- [Task directions]: Everything from the line that contains "dimension line sits" to the end of the records below, both lines included, should be transcribed exactly and returned alone.

▼

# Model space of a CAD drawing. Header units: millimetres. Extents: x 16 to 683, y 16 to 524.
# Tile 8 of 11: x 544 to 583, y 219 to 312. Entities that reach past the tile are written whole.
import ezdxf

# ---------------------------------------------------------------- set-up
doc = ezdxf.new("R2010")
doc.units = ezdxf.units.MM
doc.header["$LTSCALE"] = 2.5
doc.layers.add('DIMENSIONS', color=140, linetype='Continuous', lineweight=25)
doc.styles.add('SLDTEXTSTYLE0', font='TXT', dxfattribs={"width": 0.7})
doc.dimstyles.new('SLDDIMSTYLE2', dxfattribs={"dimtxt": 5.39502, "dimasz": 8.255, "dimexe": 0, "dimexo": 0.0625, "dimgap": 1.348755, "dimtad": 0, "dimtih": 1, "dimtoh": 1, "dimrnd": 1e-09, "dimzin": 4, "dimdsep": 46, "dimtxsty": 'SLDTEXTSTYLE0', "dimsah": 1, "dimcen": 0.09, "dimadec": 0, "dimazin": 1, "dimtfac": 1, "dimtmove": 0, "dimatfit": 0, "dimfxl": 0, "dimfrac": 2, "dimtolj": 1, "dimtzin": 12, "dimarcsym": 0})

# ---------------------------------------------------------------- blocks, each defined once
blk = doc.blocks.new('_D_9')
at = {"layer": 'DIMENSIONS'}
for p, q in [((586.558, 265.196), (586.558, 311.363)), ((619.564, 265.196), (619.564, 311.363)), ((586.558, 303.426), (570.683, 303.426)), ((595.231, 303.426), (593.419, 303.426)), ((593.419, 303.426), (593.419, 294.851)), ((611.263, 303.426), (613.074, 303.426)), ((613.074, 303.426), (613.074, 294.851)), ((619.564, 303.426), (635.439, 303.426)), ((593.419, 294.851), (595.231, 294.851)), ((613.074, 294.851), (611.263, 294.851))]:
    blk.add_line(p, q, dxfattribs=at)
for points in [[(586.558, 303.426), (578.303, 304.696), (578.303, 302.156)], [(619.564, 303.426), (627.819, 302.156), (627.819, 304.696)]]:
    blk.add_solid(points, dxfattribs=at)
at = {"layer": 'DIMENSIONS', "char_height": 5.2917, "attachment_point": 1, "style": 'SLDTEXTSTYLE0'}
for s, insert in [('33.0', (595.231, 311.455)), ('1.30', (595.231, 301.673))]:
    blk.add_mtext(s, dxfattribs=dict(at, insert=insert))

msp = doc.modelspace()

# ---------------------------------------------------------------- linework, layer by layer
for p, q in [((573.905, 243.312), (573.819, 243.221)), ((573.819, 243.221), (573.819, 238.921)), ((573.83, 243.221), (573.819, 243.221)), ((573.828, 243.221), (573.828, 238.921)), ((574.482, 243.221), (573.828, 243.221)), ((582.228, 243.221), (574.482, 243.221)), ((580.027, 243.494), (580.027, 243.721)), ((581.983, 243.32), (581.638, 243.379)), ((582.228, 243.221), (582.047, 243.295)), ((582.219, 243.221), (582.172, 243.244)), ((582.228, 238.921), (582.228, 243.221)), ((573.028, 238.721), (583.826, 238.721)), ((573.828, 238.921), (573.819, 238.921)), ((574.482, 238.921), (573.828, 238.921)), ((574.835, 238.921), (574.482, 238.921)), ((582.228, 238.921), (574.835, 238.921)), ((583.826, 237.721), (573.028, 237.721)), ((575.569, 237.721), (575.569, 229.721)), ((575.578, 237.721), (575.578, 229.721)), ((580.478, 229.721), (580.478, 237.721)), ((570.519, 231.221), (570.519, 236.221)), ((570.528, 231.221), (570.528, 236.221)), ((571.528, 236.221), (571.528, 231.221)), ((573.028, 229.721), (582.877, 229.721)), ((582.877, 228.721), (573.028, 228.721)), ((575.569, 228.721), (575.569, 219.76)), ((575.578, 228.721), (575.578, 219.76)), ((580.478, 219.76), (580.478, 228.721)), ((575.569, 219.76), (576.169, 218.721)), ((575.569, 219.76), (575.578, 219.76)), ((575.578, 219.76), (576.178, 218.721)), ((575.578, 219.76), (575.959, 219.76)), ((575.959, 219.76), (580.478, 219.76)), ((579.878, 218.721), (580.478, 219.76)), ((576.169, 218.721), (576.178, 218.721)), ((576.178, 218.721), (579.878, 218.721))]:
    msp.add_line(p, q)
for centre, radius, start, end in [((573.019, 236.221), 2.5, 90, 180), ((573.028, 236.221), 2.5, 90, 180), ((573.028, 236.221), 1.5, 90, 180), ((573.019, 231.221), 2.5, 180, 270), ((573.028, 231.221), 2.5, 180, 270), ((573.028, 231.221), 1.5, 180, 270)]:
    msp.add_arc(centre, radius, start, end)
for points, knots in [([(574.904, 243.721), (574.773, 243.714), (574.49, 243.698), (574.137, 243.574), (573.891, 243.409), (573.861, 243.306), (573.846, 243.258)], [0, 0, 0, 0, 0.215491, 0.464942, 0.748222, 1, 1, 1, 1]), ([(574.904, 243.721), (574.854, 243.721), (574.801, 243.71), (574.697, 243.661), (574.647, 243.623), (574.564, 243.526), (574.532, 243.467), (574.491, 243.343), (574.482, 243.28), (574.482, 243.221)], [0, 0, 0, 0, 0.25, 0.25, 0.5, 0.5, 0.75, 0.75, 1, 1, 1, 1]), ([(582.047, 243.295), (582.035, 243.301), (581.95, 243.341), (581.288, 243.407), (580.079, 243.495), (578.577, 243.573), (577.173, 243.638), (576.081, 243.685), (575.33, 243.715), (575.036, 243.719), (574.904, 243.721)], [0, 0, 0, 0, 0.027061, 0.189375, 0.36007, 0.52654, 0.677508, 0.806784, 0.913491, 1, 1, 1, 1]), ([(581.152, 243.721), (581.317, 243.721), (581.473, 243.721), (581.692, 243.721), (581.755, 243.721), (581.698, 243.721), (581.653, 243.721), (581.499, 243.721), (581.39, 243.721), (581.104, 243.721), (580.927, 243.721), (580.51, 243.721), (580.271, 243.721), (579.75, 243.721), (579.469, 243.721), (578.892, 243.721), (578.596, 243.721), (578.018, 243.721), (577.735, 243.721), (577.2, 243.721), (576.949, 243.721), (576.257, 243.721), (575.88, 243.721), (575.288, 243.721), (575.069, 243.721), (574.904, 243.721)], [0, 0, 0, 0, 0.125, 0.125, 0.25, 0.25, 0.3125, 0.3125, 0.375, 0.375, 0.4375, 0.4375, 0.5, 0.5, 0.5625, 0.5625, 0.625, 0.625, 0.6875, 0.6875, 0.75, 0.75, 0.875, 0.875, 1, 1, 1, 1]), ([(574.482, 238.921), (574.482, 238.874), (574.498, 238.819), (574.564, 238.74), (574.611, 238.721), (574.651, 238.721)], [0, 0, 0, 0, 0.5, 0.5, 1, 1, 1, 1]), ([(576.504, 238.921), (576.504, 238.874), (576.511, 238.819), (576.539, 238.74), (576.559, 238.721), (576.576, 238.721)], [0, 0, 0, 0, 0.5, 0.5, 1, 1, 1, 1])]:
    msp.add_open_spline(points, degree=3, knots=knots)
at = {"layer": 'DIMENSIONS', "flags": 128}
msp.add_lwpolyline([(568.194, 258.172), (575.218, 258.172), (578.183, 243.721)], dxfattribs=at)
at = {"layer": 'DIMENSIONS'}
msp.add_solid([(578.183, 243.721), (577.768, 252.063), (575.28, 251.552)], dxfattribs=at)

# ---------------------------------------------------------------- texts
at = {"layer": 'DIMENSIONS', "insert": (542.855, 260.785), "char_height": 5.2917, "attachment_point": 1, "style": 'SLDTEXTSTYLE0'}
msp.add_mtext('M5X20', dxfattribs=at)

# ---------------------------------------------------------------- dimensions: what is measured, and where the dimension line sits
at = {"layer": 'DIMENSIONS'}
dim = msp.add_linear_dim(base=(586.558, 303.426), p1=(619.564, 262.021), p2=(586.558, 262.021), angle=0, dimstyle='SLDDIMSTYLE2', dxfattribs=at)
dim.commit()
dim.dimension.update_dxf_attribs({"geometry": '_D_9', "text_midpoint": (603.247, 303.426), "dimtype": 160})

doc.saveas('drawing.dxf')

▲

- [Exercise answer]:
# ---------------------------------------------------------------- dimensions: what is measured, and where the dimension line sits
at = {"layer": 'DIMENSIONS'}
dim = msp.add_linear_dim(base=(586.558, 303.426), p1=(619.564, 262.021), p2=(586.558, 262.021), angle=0, dimstyle='SLDDIMSTYLE2', dxfattribs=at)
dim.commit()
dim.dimension.update_dxf_attribs({"geometry": '_D_9', "text_midpoint": (603.247, 303.426), "dimtype": 160})

doc.saveas('drawing.dxf')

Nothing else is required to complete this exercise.